How can I show that if $m ≥ 2^k $(with k ≥ 2 integer), then $n ≥ 2^{k + 1} -1$?

Question

Let $m, n$ be positive integers and $P ∈ Z [X] $ a polynomial of degree $n$ such that all its coefficients are odd. Assume that $(x - 1)^m$ divides $P$. How can I show that if $m ≥ 2^k $(with k ≥ 2 integer), then $n ≥ 2^{k + 1} -1$?

Answer 1

Given a polynomial $P$ which verifies your problem, we will work in $\mathbb{F_2}[X]$ the ring of polynomials over the field $\mathbb{Z_2}$, so let us write the condition of divisibility : $$P(X)=(X-1)^{m}Q(X)$$ it's clear that we have to shox the inequality only for $m=2^k$ the rest follows easily, so let's suppose that $m=2^k$. if we reduce this equality in $\mathbb{F_2}[X]$ we obtain (because the coefficients are all odd): $X^n + X^{n - 1} + \cdots + X + 1 =\left( X - 1 \right)^{2^k}\overline{R}\left(X\right) =\left(X^{2^k} - 1\right)\overline{R}\left(X\right)$

I think the equality $\left(X - 1\right)^{2^k}=(X^{2^k} - 1) $ is clear.

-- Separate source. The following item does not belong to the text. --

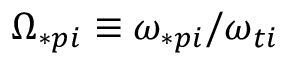<formula> <loc_0><loc_0><loc_500><loc_500>\Omega _ { \ast p i } \equiv \omega _ { \ast p i } / \omega _ { t i }</formula>

This can also be written in the form : $X^n + X^{n - 1} + \cdots + X + 1 =X^{2^k}\overline{R}(X)+\overline{R}(x)$

now if we look to the coefficient of $X^{2^k-1}$ in this equality, this coefficient must be $1$ according to the first term, hence this coefficient must be $1$ also in $\overline{R}$ so: $deg(\overline{R})\geq 2^k-1$ which implies that $n=2^k+deg(\overline{R})\geq 2^{k+1}-1$.